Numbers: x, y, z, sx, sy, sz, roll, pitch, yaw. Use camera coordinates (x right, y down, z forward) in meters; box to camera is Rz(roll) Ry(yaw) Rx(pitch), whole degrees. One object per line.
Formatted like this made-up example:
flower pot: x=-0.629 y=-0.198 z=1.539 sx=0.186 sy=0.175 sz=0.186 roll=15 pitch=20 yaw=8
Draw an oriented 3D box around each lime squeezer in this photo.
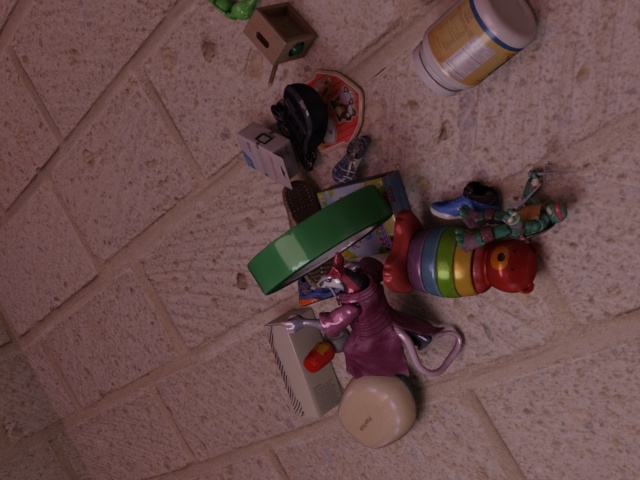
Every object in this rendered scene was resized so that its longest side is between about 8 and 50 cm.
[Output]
lime squeezer: x=-0.213 y=-0.576 z=1.927 sx=0.310 sy=0.059 sz=0.109 roll=10 pitch=116 yaw=40

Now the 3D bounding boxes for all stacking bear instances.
stacking bear: x=0.302 y=0.045 z=1.687 sx=0.289 sy=0.164 sz=0.175 roll=5 pitch=69 yaw=30

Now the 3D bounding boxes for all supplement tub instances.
supplement tub: x=0.281 y=-0.372 z=1.511 sx=0.200 sy=0.144 sz=0.144 roll=-36 pitch=84 yaw=46

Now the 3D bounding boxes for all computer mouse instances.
computer mouse: x=-0.035 y=-0.281 z=1.846 sx=0.188 sy=0.072 sz=0.272 roll=60 pitch=168 yaw=8

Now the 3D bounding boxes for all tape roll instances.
tape roll: x=0.000 y=0.000 z=1.718 sx=0.321 sy=0.321 sz=0.077 roll=-39 pitch=82 yaw=45

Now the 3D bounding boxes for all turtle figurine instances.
turtle figurine: x=0.379 y=-0.051 z=1.554 sx=0.234 sy=0.175 sz=0.118 roll=-18 pitch=106 yaw=30

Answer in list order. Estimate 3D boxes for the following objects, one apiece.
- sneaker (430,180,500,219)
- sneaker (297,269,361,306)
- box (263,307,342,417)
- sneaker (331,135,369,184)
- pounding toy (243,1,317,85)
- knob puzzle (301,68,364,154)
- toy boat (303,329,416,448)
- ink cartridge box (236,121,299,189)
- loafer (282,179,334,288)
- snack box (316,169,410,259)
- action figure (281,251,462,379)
sneaker: x=0.298 y=-0.087 z=1.691 sx=0.152 sy=0.058 sz=0.084 roll=12 pitch=123 yaw=34
sneaker: x=0.013 y=0.102 z=2.031 sx=0.221 sy=0.083 sz=0.087 roll=-22 pitch=86 yaw=42
box: x=-0.043 y=0.327 z=2.165 sx=0.094 sy=0.113 sz=0.275 roll=-12 pitch=100 yaw=46
sneaker: x=0.075 y=-0.183 z=1.853 sx=0.052 sy=0.058 sz=0.135 roll=38 pitch=127 yaw=4
pounding toy: x=-0.093 y=-0.442 z=1.828 sx=0.141 sy=0.130 sz=0.100 roll=51 pitch=135 yaw=12
knob puzzle: x=0.024 y=-0.301 z=1.861 sx=0.213 sy=0.030 sz=0.213 roll=19 pitch=121 yaw=35
toy boat: x=0.108 y=0.360 z=2.039 sx=0.318 sy=0.148 sz=0.267 roll=44 pitch=138 yaw=8
ink cartridge box: x=-0.115 y=-0.206 z=1.970 sx=0.180 sy=0.060 sz=0.104 roll=31 pitch=151 yaw=39
loafer: x=-0.023 y=-0.014 z=1.986 sx=0.092 sy=0.102 sz=0.268 roll=81 pitch=175 yaw=-84
snack box: x=0.108 y=-0.054 z=1.874 sx=0.207 sy=0.070 sz=0.174 roll=-11 pitch=102 yaw=46
action figure: x=0.106 y=0.174 z=1.779 sx=0.276 sy=0.248 sz=0.370 roll=18 pitch=152 yaw=38
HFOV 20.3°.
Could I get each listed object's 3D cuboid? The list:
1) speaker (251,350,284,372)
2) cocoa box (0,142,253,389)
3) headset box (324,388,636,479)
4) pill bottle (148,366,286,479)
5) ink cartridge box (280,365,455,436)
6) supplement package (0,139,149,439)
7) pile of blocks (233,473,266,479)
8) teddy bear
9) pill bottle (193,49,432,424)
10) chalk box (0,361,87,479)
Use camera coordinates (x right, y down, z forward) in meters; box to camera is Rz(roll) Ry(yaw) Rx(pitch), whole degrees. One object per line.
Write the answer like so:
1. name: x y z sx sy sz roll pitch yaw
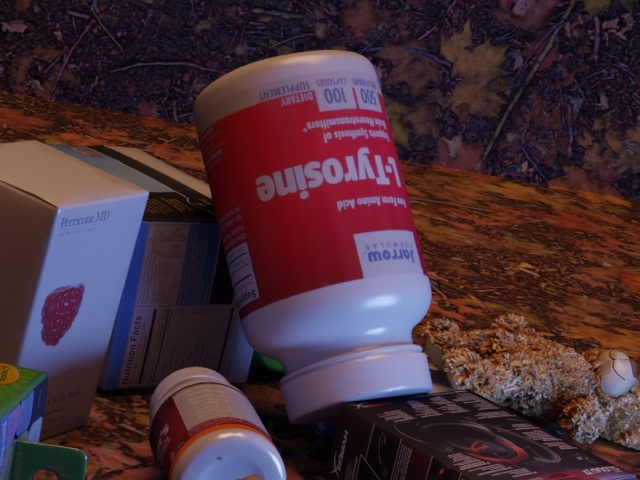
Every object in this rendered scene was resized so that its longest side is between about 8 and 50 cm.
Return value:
1. speaker: -0.127 0.079 2.439 0.131 0.131 0.296 0 17 -40
2. cocoa box: -0.259 0.027 2.317 0.228 0.231 0.347 0 18 -40
3. headset box: 0.184 0.272 1.968 0.218 0.110 0.293 -2 19 -43
4. pill bottle: -0.117 0.219 1.903 0.121 0.121 0.221 8 14 -17
5. ink cartridge box: 0.080 0.203 2.291 0.224 0.045 0.223 8 14 -16
6. supplement package: -0.338 0.057 1.977 0.175 0.293 0.177 24 18 24
7. pile of blocks: -0.074 0.298 1.600 0.149 0.113 0.362 6 18 -19
8. teddy bear: 0.292 0.174 2.351 0.338 0.113 0.245 20 12 -7
9. pill bottle: 0.000 0.000 2.114 0.229 0.408 0.229 -13 -11 -3
10. chalk box: -0.361 0.206 1.629 0.289 0.180 0.179 13 14 7
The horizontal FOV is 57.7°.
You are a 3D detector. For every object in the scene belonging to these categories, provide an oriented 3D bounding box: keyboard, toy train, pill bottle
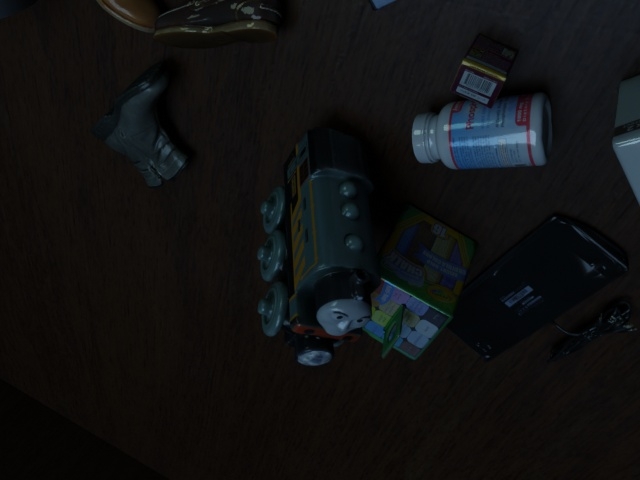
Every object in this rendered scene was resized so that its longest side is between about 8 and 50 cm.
[{"bbox_3d":[0.340,0.104,0.896,0.201,0.033,0.317,41,138,3],"label":"keyboard"},{"bbox_3d":[0.000,0.000,0.816,0.142,0.334,0.190,14,140,-22],"label":"toy train"},{"bbox_3d":[0.202,-0.134,0.730,0.160,0.087,0.087,1,127,30],"label":"pill bottle"}]

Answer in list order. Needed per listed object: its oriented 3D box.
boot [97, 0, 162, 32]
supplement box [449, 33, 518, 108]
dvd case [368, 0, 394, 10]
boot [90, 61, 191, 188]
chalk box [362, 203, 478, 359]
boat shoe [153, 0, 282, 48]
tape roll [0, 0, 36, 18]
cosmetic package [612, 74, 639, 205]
[{"bbox_3d":[-0.269,-0.401,0.798,0.197,0.073,0.152,45,132,-14],"label":"boot"},{"bbox_3d":[0.192,-0.199,0.681,0.054,0.083,0.043,26,137,9],"label":"supplement box"},{"bbox_3d":[0.112,-0.369,0.601,0.253,0.022,0.180,-8,124,45],"label":"dvd case"},{"bbox_3d":[-0.278,-0.188,0.995,0.161,0.083,0.246,44,142,-19],"label":"boot"},{"bbox_3d":[0.127,0.076,0.866,0.132,0.213,0.132,31,136,4],"label":"chalk box"},{"bbox_3d":[-0.143,-0.311,0.807,0.206,0.073,0.073,4,91,24],"label":"boat shoe"},{"bbox_3d":[-0.549,-0.384,0.873,0.219,0.219,0.072,13,133,22],"label":"tape roll"},{"bbox_3d":[0.413,-0.085,0.596,0.151,0.151,0.184,-17,117,39],"label":"cosmetic package"}]
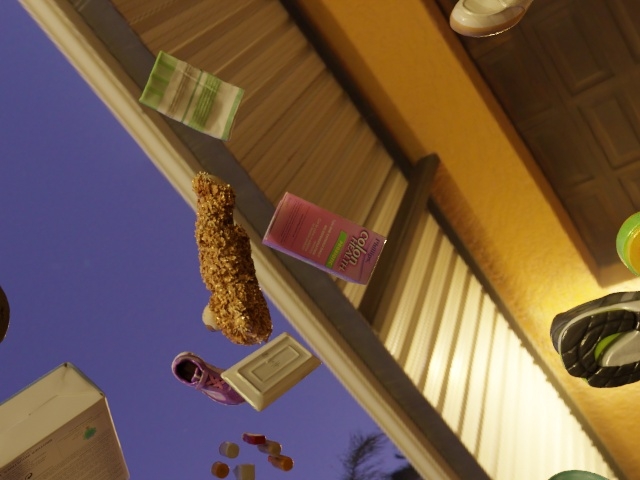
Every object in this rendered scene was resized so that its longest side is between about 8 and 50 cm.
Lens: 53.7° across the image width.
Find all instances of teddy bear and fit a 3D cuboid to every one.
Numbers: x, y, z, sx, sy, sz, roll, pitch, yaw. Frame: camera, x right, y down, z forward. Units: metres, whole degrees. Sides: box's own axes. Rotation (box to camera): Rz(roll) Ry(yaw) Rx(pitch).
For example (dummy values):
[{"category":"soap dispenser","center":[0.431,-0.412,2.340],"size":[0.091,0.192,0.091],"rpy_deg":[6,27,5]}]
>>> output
[{"category":"teddy bear","center":[-0.186,0.037,1.172],"size":[0.113,0.245,0.338],"rpy_deg":[-12,-93,-16]}]

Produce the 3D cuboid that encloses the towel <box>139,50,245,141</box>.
[{"category":"towel","center":[-0.201,-0.233,1.015],"size":[0.151,0.023,0.113],"rpy_deg":[23,-123,-20]}]

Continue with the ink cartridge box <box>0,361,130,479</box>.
[{"category":"ink cartridge box","center":[-0.589,0.500,1.389],"size":[0.270,0.151,0.396],"rpy_deg":[-34,-40,-35]}]

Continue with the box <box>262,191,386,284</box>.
[{"category":"box","center":[0.000,0.000,1.454],"size":[0.242,0.213,0.117],"rpy_deg":[24,-95,-7]}]

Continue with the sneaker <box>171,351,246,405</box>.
[{"category":"sneaker","center":[-0.296,0.369,1.676],"size":[0.236,0.104,0.095],"rpy_deg":[22,-102,6]}]

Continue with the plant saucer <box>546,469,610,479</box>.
[{"category":"plant saucer","center":[0.336,0.345,0.794],"size":[0.119,0.119,0.021],"rpy_deg":[-55,-30,-51]}]

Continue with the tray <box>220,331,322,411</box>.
[{"category":"tray","center":[-0.122,0.333,1.675],"size":[0.145,0.030,0.270],"rpy_deg":[36,-143,21]}]

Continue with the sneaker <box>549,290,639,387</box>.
[{"category":"sneaker","center":[0.418,0.094,0.761],"size":[0.121,0.299,0.111],"rpy_deg":[-98,2,-80]}]

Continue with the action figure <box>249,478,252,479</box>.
[{"category":"action figure","center":[-0.169,0.675,1.440],"size":[0.185,0.099,0.285],"rpy_deg":[-44,-62,-39]}]

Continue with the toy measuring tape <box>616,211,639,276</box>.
[{"category":"toy measuring tape","center":[0.543,-0.052,1.026],"size":[0.121,0.121,0.330],"rpy_deg":[-34,-61,-54]}]

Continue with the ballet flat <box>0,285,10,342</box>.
[{"category":"ballet flat","center":[-0.681,0.096,1.258],"size":[0.084,0.058,0.250],"rpy_deg":[1,-114,-56]}]

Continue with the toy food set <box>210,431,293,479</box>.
[{"category":"toy food set","center":[-0.199,0.589,1.733],"size":[0.232,0.104,0.111],"rpy_deg":[1,-99,-31]}]

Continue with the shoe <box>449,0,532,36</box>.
[{"category":"shoe","center":[0.233,-0.315,0.756],"size":[0.219,0.076,0.058],"rpy_deg":[-39,-36,-22]}]
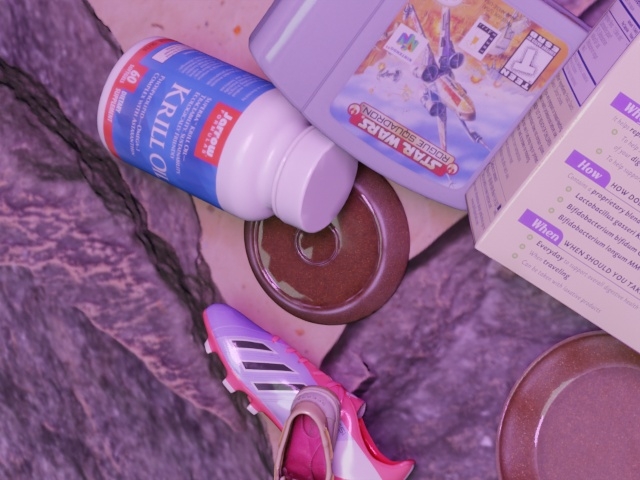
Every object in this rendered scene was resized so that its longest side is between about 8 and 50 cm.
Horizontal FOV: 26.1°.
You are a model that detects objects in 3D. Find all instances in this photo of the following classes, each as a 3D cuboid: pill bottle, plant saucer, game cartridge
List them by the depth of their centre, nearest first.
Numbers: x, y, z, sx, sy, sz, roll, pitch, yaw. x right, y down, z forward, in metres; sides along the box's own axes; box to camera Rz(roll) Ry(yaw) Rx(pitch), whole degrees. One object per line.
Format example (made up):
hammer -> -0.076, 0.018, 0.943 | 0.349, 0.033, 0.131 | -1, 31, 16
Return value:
game cartridge -> 0.101, -0.140, 1.142 | 0.297, 0.062, 0.198 | 29, 108, -21
plant saucer -> 0.245, 0.177, 1.193 | 0.198, 0.036, 0.199 | -15, 65, 34
pill bottle -> -0.081, -0.092, 1.243 | 0.221, 0.124, 0.124 | 25, 107, 25
plant saucer -> 0.000, 0.000, 1.297 | 0.168, 0.029, 0.169 | 4, 101, 21

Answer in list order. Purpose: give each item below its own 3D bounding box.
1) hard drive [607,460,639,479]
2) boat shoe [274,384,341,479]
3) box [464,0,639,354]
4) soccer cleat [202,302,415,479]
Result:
hard drive -> 0.329, 0.310, 1.210 | 0.172, 0.054, 0.255 | -37, 84, 22
boat shoe -> -0.017, 0.217, 1.245 | 0.063, 0.059, 0.170 | 6, 105, 16
box -> 0.272, -0.052, 1.098 | 0.213, 0.117, 0.243 | 32, 111, -12
soccer cleat -> -0.015, 0.149, 1.307 | 0.095, 0.083, 0.248 | -38, 85, 7
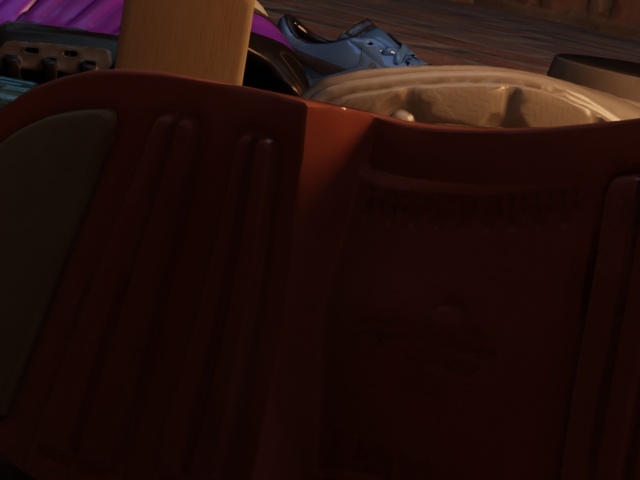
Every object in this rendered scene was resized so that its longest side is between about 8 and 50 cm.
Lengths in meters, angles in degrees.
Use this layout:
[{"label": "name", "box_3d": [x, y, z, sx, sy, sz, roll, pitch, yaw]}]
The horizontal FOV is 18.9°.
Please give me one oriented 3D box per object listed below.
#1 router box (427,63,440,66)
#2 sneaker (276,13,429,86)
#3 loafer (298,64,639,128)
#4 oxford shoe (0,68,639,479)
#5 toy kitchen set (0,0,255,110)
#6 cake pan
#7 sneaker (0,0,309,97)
[{"label": "router box", "box_3d": [0.116, -0.102, 1.480, 0.179, 0.046, 0.133, 17, 12, 35]}, {"label": "sneaker", "box_3d": [0.051, -0.113, 1.384, 0.209, 0.082, 0.069, 16, 10, 23]}, {"label": "loafer", "box_3d": [0.123, -0.006, 0.818, 0.319, 0.112, 0.111, 14, 3, -22]}, {"label": "oxford shoe", "box_3d": [0.095, 0.037, 0.460, 0.397, 0.140, 0.146, 19, 6, 32]}, {"label": "toy kitchen set", "box_3d": [-0.142, -0.071, 0.847, 0.207, 0.122, 0.166, 9, 10, -6]}, {"label": "cake pan", "box_3d": [0.341, -0.127, 1.813, 0.293, 0.054, 0.293, 10, 10, -2]}, {"label": "sneaker", "box_3d": [-0.133, -0.082, 0.987, 0.293, 0.102, 0.146, -3, 32, -26]}]
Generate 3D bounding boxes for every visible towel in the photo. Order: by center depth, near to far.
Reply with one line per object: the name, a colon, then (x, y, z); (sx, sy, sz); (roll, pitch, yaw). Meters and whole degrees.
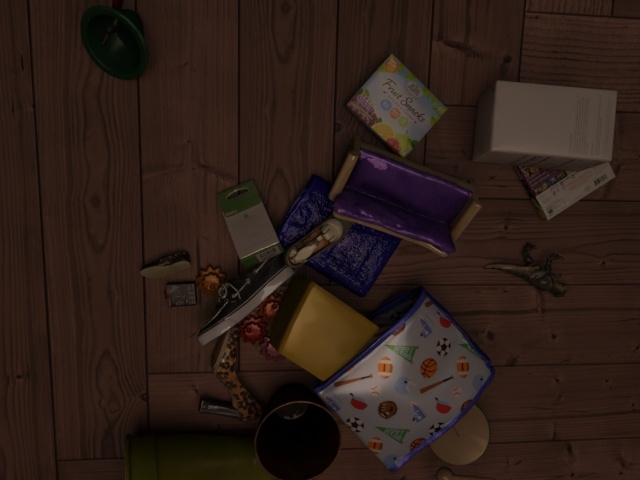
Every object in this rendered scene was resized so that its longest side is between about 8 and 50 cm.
towel: (0.049, -0.005, 1.428); (0.308, 0.076, 0.227); (31, 96, -11)

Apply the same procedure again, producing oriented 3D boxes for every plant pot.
plant pot: (-0.014, 0.233, 1.370); (0.212, 0.212, 0.187); (35, 80, -12)
plant pot: (-0.307, 0.662, 1.387); (0.353, 0.366, 0.366); (-4, 100, -18)
plant pot: (-0.069, 0.479, 1.417); (0.216, 0.230, 0.215); (-1, 98, -8)

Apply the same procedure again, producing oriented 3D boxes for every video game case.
video game case: (0.671, -0.204, 1.483); (0.232, 0.042, 0.210); (-34, 101, 0)

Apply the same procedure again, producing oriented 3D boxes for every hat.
hat: (-0.460, -0.529, 1.305); (0.173, 0.183, 0.208); (24, 138, -3)

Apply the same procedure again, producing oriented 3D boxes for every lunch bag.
lunch bag: (0.227, 0.350, 1.432); (0.385, 0.239, 0.328); (-41, 101, 9)

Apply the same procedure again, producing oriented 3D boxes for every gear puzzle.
gear puzzle: (-0.190, 0.183, 1.448); (0.339, 0.044, 0.175); (41, 93, -11)

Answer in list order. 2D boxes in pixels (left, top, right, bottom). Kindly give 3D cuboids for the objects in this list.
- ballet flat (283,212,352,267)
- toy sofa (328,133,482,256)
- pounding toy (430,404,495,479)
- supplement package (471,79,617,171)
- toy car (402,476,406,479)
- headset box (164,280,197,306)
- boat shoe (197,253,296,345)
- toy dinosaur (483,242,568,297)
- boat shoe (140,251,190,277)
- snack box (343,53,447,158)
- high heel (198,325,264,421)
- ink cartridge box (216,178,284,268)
ballet flat: (0.000, 0.000, 1.355); (0.213, 0.068, 0.072); (-36, 99, -1)
toy sofa: (0.213, -0.112, 1.354); (0.363, 0.177, 0.150); (20, 130, -9)
pounding toy: (0.413, 0.583, 1.550); (0.183, 0.110, 0.236); (-14, 63, 25)
supplement package: (0.559, -0.285, 1.359); (0.293, 0.175, 0.177); (6, 89, 1)
toy car: (0.223, 0.683, 1.598); (0.040, 0.060, 0.122); (-43, 128, -42)
headset box: (-0.375, 0.143, 1.426); (0.083, 0.032, 0.062); (-4, 100, -5)
boat shoe: (-0.207, 0.139, 1.370); (0.306, 0.113, 0.105); (-41, 90, -11)
toy dinosaur: (0.613, 0.079, 1.519); (0.268, 0.064, 0.118); (21, 103, -6)
boat shoe: (-0.408, 0.065, 1.405); (0.133, 0.042, 0.049); (-14, 143, -1)
snack box: (0.194, -0.346, 1.389); (0.207, 0.070, 0.174); (42, 93, -12)
high heel: (-0.211, 0.367, 1.466); (0.186, 0.093, 0.261); (16, 96, -20)
ink cartridge box: (-0.183, -0.045, 1.379); (0.109, 0.062, 0.209); (-24, 63, -2)
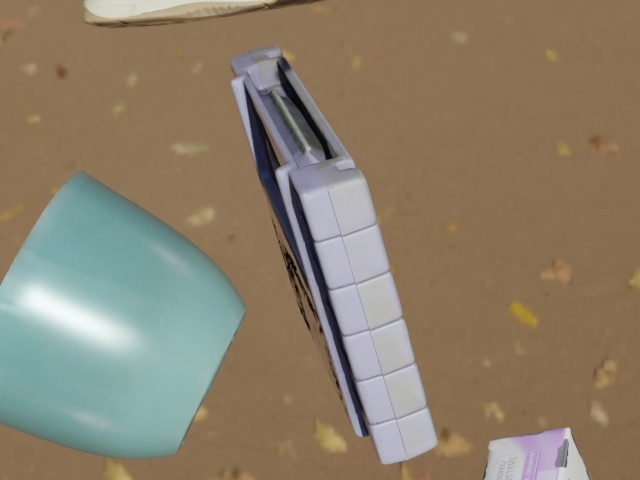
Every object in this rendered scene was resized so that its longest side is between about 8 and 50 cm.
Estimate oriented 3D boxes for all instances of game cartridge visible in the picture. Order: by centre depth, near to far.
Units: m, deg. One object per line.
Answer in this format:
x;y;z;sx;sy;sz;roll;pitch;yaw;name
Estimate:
0.000;0.000;1.167;0.068;0.230;0.355;-14;24;-6;game cartridge

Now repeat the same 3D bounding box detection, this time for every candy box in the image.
0.180;0.271;1.135;0.070;0.196;0.165;-13;27;23;candy box

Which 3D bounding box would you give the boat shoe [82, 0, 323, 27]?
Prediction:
-0.066;-0.235;1.235;0.285;0.092;0.103;-6;8;15;boat shoe

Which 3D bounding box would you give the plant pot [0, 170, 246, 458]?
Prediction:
-0.223;0.106;1.632;0.235;0.293;0.293;27;48;0;plant pot
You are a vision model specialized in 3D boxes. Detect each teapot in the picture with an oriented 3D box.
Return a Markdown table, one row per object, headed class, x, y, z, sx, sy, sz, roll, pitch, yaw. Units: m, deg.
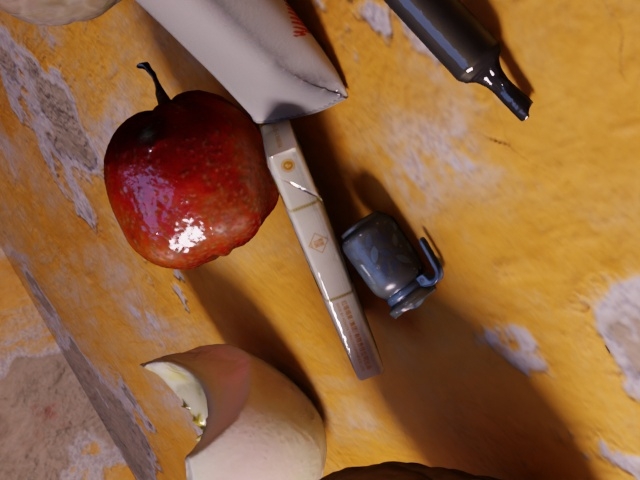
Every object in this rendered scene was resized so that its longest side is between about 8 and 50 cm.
| class | x | y | z | sx | sy | sz | roll | pitch | yaw |
| --- | --- | --- | --- | --- | --- | --- | --- | --- | --- |
| teapot | 0.061 | 0.014 | 0.924 | 0.083 | 0.063 | 0.049 | 54 | -167 | 6 |

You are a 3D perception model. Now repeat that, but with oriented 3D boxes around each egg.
| class | x | y | z | sx | sy | sz | roll | pitch | yaw |
| --- | --- | --- | --- | --- | --- | --- | --- | --- | --- |
| egg | -0.078 | 0.220 | 1.307 | 0.206 | 0.162 | 0.271 | 36 | -152 | -34 |

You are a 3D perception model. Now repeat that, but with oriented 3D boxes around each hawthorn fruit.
| class | x | y | z | sx | sy | sz | roll | pitch | yaw |
| --- | --- | --- | --- | --- | --- | --- | --- | --- | --- |
| hawthorn fruit | -0.126 | -0.072 | 1.048 | 0.157 | 0.157 | 0.194 | 8 | 122 | 61 |

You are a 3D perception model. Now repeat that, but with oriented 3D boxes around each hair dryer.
| class | x | y | z | sx | sy | sz | roll | pitch | yaw |
| --- | --- | --- | --- | --- | --- | --- | --- | --- | --- |
| hair dryer | 0.038 | -0.162 | 0.725 | 0.248 | 0.078 | 0.195 | 49 | 169 | -1 |

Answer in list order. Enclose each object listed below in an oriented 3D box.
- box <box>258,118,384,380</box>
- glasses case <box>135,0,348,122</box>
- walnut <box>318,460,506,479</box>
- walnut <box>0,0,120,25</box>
| class | x | y | z | sx | sy | sz | roll | pitch | yaw |
| --- | --- | --- | --- | --- | --- | --- | --- | --- | --- |
| box | -0.001 | 0.000 | 0.984 | 0.122 | 0.032 | 0.220 | -107 | -4 | -65 |
| glasses case | -0.091 | -0.197 | 0.835 | 0.128 | 0.083 | 0.308 | 10 | 160 | 40 |
| walnut | 0.096 | 0.312 | 0.937 | 0.313 | 0.277 | 0.251 | -169 | 83 | -66 |
| walnut | -0.222 | -0.281 | 0.931 | 0.224 | 0.224 | 0.224 | 45 | 153 | 30 |

---+---

▸ **TASK PROMPT**: From the material above, set down exactly the lines between the line holding "around each egg." and the line holding "- walnut <box>318,460,506,479</box>", inclusive. Include nothing else.

▸ **ANSWER BELOW**:
You are a 3D perception model. Now repeat that, but with oriented 3D boxes around each egg.
| class | x | y | z | sx | sy | sz | roll | pitch | yaw |
| --- | --- | --- | --- | --- | --- | --- | --- | --- | --- |
| egg | -0.078 | 0.220 | 1.307 | 0.206 | 0.162 | 0.271 | 36 | -152 | -34 |

You are a 3D perception model. Now repeat that, but with oriented 3D boxes around each hawthorn fruit.
| class | x | y | z | sx | sy | sz | roll | pitch | yaw |
| --- | --- | --- | --- | --- | --- | --- | --- | --- | --- |
| hawthorn fruit | -0.126 | -0.072 | 1.048 | 0.157 | 0.157 | 0.194 | 8 | 122 | 61 |

You are a 3D perception model. Now repeat that, but with oriented 3D boxes around each hair dryer.
| class | x | y | z | sx | sy | sz | roll | pitch | yaw |
| --- | --- | --- | --- | --- | --- | --- | --- | --- | --- |
| hair dryer | 0.038 | -0.162 | 0.725 | 0.248 | 0.078 | 0.195 | 49 | 169 | -1 |

Answer in list order. Enclose each object listed below in an oriented 3D box.
- box <box>258,118,384,380</box>
- glasses case <box>135,0,348,122</box>
- walnut <box>318,460,506,479</box>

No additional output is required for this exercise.